*** Block opens ***
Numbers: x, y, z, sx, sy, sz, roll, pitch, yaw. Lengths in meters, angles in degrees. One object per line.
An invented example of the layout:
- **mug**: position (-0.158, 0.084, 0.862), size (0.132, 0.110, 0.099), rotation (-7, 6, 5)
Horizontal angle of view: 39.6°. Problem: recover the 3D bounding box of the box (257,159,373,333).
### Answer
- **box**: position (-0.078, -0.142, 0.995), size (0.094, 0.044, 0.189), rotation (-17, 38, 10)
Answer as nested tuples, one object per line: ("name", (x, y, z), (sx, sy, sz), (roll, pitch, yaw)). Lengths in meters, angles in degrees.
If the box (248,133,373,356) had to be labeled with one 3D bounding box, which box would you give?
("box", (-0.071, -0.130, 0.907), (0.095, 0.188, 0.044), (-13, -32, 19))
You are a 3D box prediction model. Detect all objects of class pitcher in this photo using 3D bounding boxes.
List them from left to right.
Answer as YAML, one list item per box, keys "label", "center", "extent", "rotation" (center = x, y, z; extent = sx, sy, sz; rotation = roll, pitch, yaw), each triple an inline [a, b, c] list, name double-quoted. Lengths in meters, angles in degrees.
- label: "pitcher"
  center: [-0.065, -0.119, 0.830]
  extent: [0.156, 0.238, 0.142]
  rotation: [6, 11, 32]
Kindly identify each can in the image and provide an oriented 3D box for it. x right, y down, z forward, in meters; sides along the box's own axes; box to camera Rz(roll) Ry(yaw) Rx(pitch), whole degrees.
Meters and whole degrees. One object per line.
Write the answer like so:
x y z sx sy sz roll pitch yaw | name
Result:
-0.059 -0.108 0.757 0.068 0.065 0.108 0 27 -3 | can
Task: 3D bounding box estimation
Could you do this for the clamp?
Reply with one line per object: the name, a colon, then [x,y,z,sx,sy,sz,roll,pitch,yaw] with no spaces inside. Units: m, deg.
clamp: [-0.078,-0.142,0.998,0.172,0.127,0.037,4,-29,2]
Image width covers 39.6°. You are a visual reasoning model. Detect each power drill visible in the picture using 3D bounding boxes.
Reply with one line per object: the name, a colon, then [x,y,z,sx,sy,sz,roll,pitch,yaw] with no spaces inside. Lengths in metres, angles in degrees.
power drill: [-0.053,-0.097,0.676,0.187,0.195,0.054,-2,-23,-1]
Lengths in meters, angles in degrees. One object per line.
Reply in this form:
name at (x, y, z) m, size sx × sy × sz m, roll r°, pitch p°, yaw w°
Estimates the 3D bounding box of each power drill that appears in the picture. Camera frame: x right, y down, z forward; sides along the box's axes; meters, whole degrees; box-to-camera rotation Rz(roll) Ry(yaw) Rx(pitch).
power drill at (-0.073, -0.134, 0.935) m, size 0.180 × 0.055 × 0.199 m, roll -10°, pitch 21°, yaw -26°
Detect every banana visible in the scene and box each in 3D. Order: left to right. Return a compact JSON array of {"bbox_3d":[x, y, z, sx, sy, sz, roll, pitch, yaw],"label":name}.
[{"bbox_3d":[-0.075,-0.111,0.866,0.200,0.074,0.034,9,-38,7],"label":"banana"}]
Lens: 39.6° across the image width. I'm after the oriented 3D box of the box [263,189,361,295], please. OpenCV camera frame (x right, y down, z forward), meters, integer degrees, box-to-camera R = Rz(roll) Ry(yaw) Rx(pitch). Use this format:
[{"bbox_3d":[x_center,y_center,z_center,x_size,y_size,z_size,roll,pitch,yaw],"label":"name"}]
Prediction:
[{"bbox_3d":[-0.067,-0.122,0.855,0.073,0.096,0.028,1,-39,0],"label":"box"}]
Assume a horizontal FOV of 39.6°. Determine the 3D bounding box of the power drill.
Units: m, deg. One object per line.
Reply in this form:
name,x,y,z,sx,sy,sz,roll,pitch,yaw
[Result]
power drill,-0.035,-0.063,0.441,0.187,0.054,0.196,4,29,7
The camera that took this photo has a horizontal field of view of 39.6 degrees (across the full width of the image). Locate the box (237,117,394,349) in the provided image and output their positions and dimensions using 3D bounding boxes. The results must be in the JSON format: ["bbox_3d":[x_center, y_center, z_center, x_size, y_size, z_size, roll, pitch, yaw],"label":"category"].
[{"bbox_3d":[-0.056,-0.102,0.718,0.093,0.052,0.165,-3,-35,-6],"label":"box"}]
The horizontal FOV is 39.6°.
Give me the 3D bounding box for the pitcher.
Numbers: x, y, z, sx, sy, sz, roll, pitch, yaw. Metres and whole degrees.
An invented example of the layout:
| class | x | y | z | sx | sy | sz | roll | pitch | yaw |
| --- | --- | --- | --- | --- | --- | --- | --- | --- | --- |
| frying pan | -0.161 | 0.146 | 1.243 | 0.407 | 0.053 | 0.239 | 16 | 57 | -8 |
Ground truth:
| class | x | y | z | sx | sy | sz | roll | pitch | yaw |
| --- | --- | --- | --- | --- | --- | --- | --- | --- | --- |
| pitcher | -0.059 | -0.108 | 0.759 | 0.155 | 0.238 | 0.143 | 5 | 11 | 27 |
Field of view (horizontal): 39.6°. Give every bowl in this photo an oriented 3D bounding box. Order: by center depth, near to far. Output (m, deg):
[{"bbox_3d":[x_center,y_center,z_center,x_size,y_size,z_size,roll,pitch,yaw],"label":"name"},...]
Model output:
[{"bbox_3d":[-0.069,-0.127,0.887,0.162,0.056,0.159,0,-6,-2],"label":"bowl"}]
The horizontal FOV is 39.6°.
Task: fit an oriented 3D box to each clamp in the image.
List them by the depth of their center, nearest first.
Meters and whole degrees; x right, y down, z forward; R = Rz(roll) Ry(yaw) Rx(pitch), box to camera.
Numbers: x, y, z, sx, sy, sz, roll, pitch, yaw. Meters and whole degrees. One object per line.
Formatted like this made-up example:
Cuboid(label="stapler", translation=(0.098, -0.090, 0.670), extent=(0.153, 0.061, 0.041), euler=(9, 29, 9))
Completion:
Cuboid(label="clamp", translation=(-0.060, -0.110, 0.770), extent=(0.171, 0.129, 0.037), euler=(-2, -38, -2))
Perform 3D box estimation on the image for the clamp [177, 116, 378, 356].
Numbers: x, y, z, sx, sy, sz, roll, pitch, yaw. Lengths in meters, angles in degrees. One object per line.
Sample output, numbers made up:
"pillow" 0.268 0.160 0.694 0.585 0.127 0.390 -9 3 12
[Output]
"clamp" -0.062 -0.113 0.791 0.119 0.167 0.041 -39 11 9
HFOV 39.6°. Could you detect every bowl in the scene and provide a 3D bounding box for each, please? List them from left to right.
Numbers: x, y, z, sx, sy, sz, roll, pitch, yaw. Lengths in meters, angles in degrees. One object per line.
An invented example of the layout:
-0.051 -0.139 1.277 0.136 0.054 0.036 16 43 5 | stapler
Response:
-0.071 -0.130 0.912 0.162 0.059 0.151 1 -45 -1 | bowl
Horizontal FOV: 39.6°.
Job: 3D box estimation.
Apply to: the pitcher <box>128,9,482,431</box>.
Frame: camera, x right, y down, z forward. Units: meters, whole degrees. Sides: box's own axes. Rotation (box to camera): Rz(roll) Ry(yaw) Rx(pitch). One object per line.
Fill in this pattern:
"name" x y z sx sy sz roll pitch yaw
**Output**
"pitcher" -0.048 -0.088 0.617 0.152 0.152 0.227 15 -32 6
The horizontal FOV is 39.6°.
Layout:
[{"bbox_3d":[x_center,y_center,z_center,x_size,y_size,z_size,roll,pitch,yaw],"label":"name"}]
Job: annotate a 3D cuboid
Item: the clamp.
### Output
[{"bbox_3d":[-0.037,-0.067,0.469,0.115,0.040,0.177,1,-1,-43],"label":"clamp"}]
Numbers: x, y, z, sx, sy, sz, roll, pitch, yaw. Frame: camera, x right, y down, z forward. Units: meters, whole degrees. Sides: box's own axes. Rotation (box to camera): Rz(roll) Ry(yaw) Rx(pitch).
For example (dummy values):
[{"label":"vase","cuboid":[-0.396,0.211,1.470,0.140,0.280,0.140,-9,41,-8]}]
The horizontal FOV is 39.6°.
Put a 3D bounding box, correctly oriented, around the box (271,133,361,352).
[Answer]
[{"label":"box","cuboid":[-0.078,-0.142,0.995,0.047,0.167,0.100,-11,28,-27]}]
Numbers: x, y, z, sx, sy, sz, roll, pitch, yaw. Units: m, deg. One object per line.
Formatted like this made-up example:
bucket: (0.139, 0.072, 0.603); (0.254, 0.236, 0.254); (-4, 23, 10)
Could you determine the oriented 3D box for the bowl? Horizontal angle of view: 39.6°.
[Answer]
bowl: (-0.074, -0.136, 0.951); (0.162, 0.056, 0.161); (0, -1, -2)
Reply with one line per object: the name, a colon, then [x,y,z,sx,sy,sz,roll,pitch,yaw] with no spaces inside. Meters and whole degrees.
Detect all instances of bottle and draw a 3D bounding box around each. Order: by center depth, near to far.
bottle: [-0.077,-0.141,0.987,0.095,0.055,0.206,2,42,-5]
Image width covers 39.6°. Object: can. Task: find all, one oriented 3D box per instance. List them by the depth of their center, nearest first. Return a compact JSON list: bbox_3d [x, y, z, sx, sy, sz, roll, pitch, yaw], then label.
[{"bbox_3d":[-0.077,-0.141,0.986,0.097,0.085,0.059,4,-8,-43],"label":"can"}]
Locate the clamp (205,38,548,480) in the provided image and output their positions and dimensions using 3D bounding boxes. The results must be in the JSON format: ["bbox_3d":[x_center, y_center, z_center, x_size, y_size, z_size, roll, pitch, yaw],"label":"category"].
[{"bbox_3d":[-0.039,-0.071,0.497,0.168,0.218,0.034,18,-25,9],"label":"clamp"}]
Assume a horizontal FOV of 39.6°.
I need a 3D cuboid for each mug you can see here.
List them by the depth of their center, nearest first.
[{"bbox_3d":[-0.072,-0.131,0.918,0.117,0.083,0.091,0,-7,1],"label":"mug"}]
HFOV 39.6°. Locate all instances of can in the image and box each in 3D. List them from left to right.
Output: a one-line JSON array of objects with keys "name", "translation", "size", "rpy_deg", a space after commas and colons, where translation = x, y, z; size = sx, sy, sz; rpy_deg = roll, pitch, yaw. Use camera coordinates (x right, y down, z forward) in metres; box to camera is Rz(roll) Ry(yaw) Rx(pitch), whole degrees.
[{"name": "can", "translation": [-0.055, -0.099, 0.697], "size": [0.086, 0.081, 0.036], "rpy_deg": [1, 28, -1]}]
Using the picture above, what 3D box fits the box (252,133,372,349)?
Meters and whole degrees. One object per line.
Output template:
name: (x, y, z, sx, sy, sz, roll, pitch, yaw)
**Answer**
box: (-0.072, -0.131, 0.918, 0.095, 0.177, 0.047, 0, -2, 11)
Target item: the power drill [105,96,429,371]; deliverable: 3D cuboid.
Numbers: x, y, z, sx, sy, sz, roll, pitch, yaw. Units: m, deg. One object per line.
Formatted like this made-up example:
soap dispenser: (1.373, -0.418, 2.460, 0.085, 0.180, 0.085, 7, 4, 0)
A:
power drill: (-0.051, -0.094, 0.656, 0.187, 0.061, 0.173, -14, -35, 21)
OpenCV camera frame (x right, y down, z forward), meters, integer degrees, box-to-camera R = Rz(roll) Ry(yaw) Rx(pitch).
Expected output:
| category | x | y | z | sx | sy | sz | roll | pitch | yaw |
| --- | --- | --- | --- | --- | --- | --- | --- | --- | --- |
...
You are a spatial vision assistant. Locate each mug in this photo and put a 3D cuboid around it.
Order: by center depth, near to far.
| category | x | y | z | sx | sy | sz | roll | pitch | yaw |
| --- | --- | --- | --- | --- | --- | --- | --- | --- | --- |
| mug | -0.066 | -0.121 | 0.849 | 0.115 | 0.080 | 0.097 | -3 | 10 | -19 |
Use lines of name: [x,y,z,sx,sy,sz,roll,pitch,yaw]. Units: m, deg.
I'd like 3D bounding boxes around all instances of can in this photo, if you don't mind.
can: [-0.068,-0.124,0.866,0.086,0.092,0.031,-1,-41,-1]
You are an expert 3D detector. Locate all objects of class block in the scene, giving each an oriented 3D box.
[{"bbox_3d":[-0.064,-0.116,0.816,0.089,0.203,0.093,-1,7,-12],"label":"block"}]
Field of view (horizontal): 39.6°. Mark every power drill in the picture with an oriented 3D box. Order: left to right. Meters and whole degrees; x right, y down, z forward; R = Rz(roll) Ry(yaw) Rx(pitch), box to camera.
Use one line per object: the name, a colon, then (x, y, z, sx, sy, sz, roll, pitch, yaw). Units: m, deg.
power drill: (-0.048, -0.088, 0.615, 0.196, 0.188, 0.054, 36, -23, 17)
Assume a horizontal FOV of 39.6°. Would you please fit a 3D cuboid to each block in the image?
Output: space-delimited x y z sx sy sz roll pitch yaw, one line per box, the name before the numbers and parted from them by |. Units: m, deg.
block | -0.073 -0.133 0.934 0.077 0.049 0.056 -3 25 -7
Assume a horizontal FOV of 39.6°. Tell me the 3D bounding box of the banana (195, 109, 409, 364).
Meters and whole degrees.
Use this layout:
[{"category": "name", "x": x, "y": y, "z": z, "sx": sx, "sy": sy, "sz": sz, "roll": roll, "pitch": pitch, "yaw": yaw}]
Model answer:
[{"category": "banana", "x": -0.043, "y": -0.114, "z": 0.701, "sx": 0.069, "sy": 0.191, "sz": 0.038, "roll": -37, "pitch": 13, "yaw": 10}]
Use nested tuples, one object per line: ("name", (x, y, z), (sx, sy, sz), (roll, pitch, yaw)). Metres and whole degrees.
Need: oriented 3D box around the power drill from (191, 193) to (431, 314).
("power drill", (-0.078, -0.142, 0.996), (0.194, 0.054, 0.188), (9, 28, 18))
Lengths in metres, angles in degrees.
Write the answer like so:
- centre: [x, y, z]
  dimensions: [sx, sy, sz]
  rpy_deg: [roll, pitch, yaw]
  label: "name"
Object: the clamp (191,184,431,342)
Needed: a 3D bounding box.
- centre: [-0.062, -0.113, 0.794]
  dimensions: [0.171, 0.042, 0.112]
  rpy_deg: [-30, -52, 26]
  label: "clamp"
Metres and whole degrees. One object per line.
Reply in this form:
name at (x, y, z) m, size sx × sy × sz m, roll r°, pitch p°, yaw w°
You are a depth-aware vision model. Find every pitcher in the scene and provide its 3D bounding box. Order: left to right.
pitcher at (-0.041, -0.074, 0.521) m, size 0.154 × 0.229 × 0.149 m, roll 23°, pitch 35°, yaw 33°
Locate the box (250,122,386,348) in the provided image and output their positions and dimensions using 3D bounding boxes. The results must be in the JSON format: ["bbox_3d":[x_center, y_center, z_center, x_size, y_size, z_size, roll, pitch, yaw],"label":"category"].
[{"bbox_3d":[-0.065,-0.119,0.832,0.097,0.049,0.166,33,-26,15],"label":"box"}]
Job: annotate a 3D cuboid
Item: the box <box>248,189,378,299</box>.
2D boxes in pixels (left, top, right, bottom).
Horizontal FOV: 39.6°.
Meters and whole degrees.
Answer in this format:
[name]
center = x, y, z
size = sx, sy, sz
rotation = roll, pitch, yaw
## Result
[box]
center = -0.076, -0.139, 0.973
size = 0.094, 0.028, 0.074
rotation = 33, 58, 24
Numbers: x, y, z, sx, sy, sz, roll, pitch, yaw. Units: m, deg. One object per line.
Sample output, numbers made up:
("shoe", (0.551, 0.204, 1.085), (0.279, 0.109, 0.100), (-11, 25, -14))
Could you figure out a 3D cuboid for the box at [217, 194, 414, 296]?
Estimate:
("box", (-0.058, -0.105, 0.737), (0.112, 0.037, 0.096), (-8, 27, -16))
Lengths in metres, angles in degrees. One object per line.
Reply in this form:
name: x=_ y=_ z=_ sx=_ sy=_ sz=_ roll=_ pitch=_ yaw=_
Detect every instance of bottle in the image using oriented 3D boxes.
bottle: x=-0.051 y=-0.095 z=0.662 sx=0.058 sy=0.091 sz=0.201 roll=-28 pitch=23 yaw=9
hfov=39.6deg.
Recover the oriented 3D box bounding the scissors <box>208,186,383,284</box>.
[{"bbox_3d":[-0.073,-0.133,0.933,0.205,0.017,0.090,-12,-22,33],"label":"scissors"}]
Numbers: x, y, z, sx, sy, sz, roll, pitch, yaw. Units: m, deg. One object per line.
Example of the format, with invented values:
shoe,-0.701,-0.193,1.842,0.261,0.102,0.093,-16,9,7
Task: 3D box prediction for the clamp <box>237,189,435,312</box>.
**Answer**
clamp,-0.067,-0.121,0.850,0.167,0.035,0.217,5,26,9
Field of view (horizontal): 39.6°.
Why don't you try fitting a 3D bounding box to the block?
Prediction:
*** Block closes ***
• **Work request**: Quote verbatim the opening lines of the listing above, ending with the line where "Image width covers 39.6°. You" appears; include both endpoints and nothing more.

• **Exercise solution**:
Numbers: x, y, z, sx, sy, sz, roll, pitch, yaw. Lengths in meters, angles in degrees. One object per line.
An invented example of the layout:
- **mug**: position (-0.158, 0.084, 0.862), size (0.132, 0.110, 0.099), rotation (-7, 6, 5)
Horizontal angle of view: 39.6°. Problem: recover the 3D bounding box of the box (257,159,373,333).
### Answer
- **box**: position (-0.078, -0.142, 0.995), size (0.094, 0.044, 0.189), rotation (-17, 38, 10)
Answer as nested tuples, one object per line: ("name", (x, y, z), (sx, sy, sz), (roll, pitch, yaw)). Lengths in meters, angles in degrees.
If the box (248,133,373,356) had to be labeled with one 3D bounding box, which box would you give?
("box", (-0.071, -0.130, 0.907), (0.095, 0.188, 0.044), (-13, -32, 19))
You are a 3D box prediction model. Detect all objects of class pitcher in this photo using 3D bounding boxes.
List them from left to right.
Answer as YAML, one list item per box, keys "label", "center", "extent", "rotation" (center = x, y, z; extent = sx, sy, sz; rotation = roll, pitch, yaw), each triple an inline [a, b, c] list, name double-quoted. Lengths in meters, angles in degrees.
- label: "pitcher"
  center: [-0.065, -0.119, 0.830]
  extent: [0.156, 0.238, 0.142]
  rotation: [6, 11, 32]
Kindly identify each can in the image and provide an oriented 3D box for it. x right, y down, z forward, in meters; sides along the box's own axes; box to camera Rz(roll) Ry(yaw) Rx(pitch), whole degrees.
Meters and whole degrees. One object per line.
Write the answer like so:
x y z sx sy sz roll pitch yaw | name
Result:
-0.059 -0.108 0.757 0.068 0.065 0.108 0 27 -3 | can
Task: 3D bounding box estimation
Could you do this for the clamp?
Reply with one line per object: the name, a colon, then [x,y,z,sx,sy,sz,roll,pitch,yaw] with no spaces inside. Units: m, deg.
clamp: [-0.078,-0.142,0.998,0.172,0.127,0.037,4,-29,2]
Image width covers 39.6°. You are a visual reasoning model. Detect each power drill visible in the picture using 3D bounding boxes.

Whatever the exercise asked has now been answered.